All without having to do any kind of chart reading or calculations. We do it all for you—including telling you what to buy, when to sell and which stocks to roll your profits into. If you’re looking for this kind of investing success and long-term consistency through markets as difficult as this one, then I invite you to try Cabot Market Letter now at a special low price.
Click here for details.
Speaking of Kate Spade, I remember back in the 1990s when Kate Spade (the person) started as New York designer and retailer of handbags. Since then, the company has grown into a global retail powerhouse, with more than 80 shops in the U.S. and more than 100 shops internationally.
But what happened between that start and today is interesting.
In 2006, Liz Claiborne acquired Kate Spade for $124 million.
In 2007-2009, the Liz Claiborne business suffered horribly from a decision to make clothes for J.C. Penney (which caused its longtime partner Macy’s to slash orders). The Big Recession didn’t help, either.
From 2009 through 2011, parts of the beleaguered Liz Claiborne brand were gradually sold to J.C. Penney.
In 2012, what remained of Liz Claiborne Inc. was renamed Fifth & Pacific, focusing on three brands—Juicy Couture, Kate Spade and Lucky Brand Jeans.
In March 2013, Fifth & Pacific launched Kate Spade Saturday, a lower-priced “weekend” lineup targeted at younger women (who will eventually move up to the Kate Spade brand.)

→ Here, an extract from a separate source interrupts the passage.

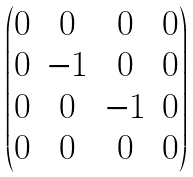<formula> <loc_0><loc_0><loc_500><loc_500>\begin{pmatrix} 0 & 0 & 0 & 0 \\ 0 & - 1 & 0 & 0 \\ 0 & 0 & - 1 & 0 \\ 0 & 0 & 0 & 0 \end{pmatrix}</formula> 
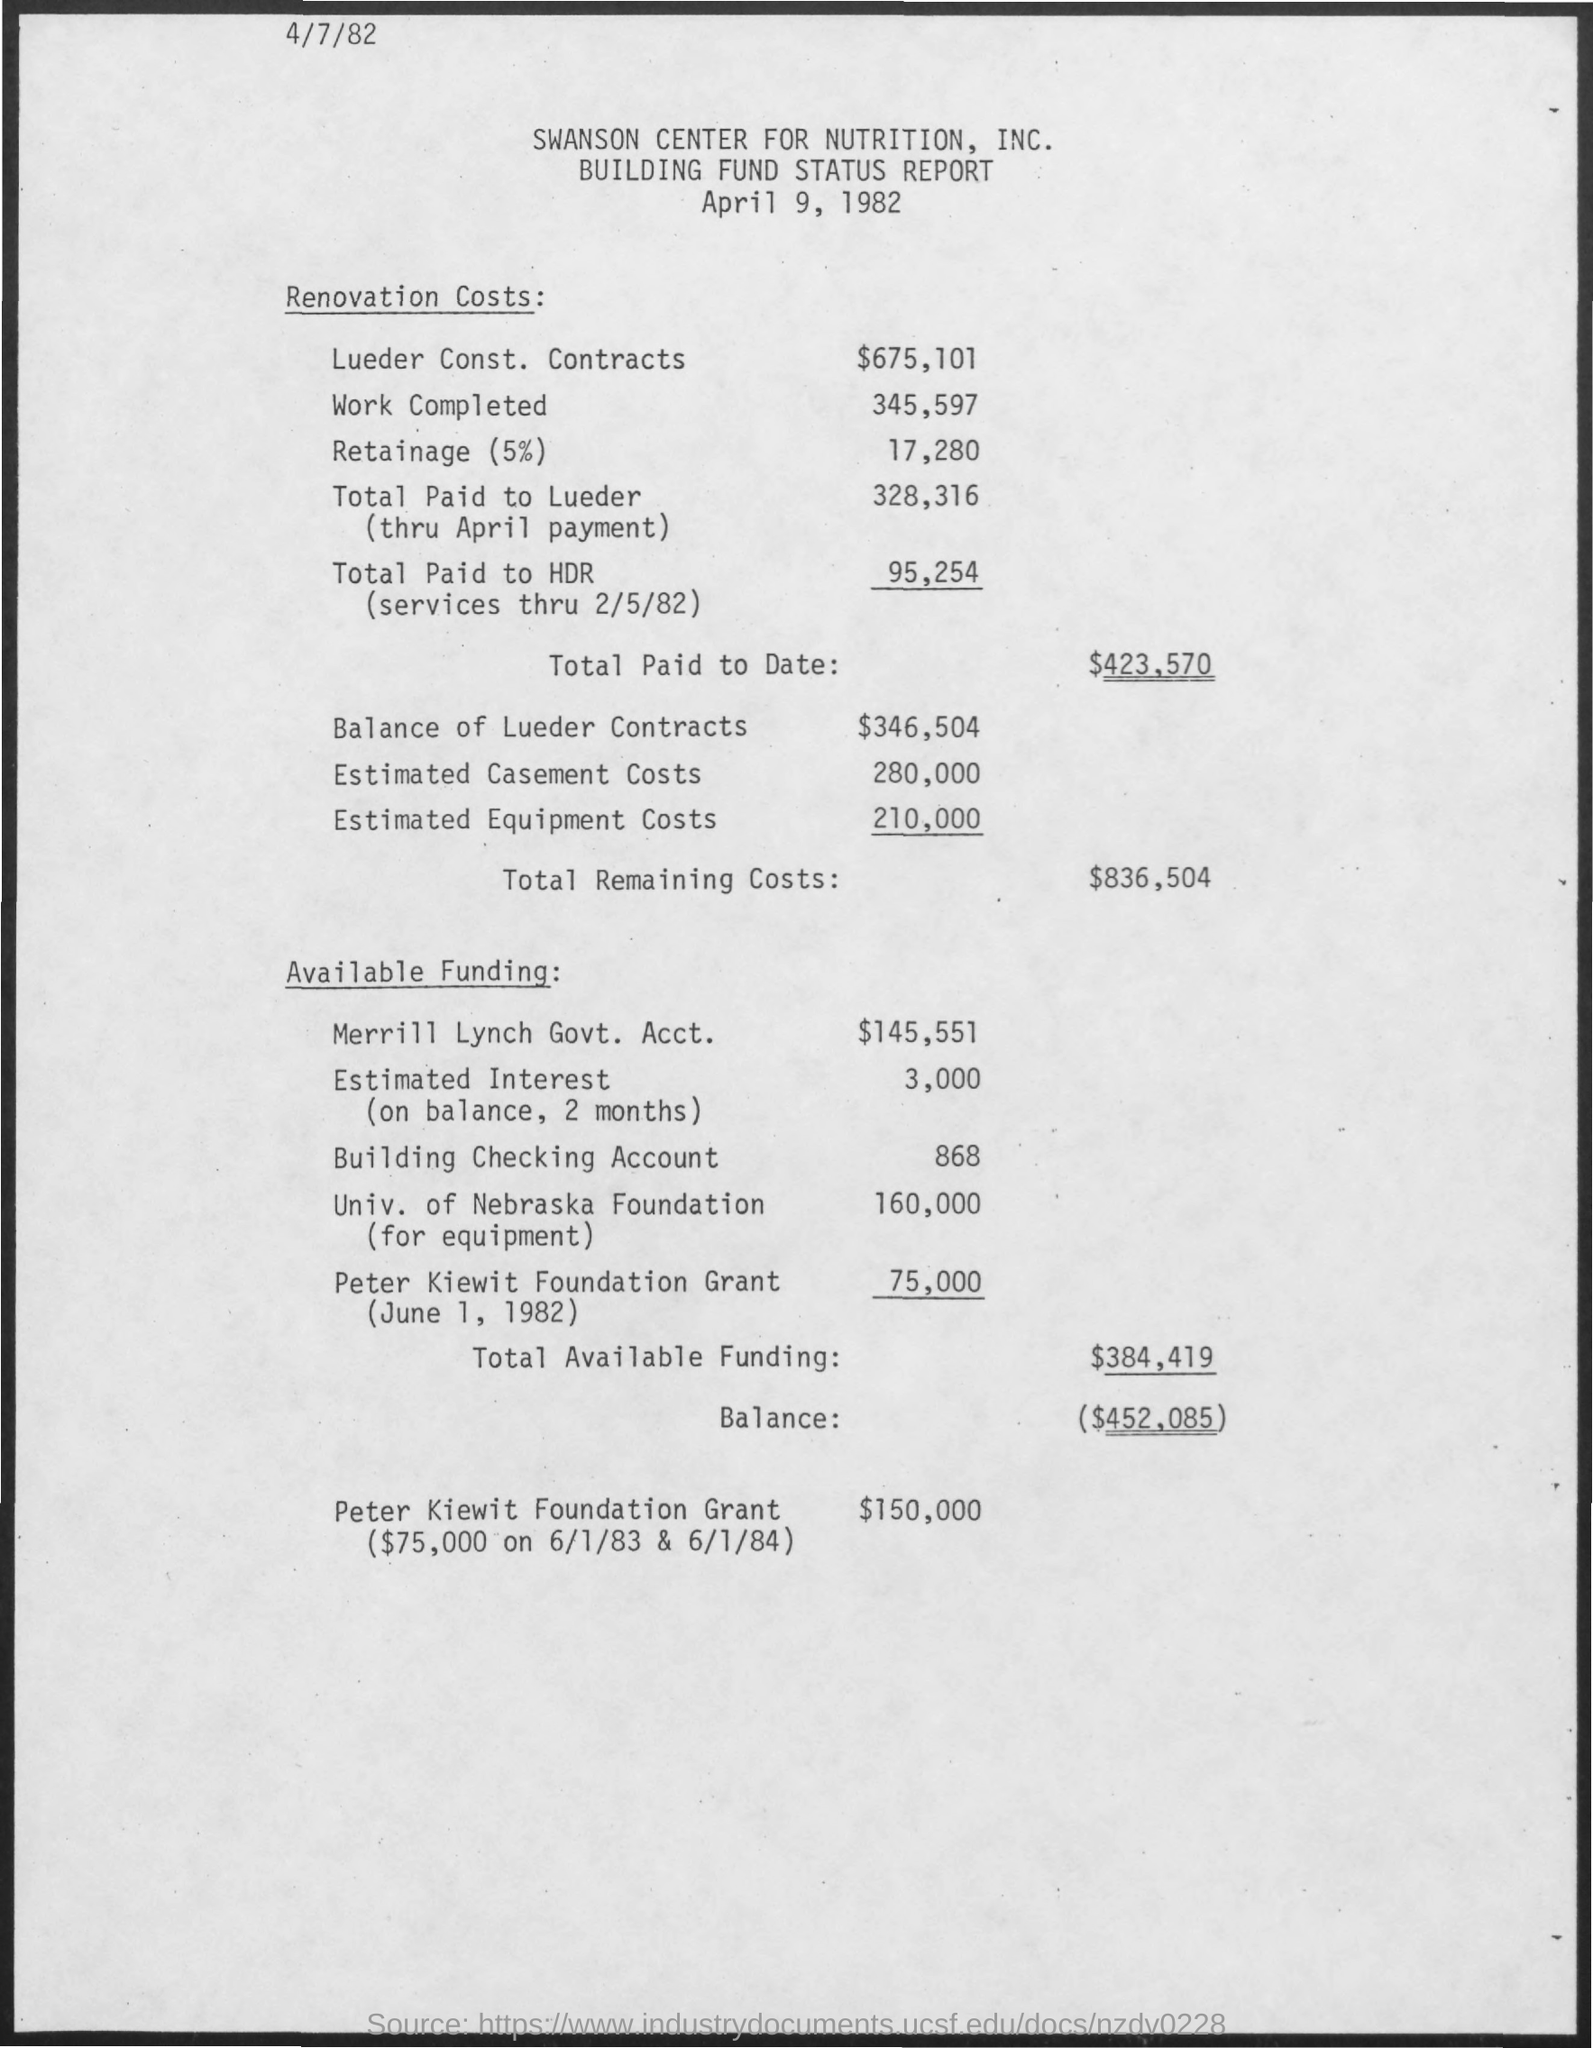What is the estimated equipment costs?
Provide a succinct answer. 210,000. What is the estimated casement costs?
Provide a succinct answer. 280,000.

In October 2013, Fifth & Pacific sold Juicy Couture to Authentic Brands Group for $195 million.
In February 2014, Fifth & Pacific sold Lucky Brands to private-equity firm Leonard Green & Partners for $225 million.
Finally, in February 2014, Fifth & Pacific was renamed Kate Spade and Company, with its only non-Spade brand being Adelington, a jewelry line that dates back to the J.C. Penney relationship.
The stock now trades as KATE, but if you pull up a chart, you’ll see a very long chart that encompasses the entire history of Liz Claiborne.
It’s not pretty, particularly the big collapse in 2009.
And the multiple name changes over the years mean that investors as a whole don’t love this company. In fact, they barely know it!
Shoppers, on the other hand, know very much what they like about Kate Spade, and they’d like to buy more of it.
So here’s my thesis.
Fashion goes in cycles.
A decade ago, Coach (COH) was the big dog in accessories. It was a great investment—but those days are gone.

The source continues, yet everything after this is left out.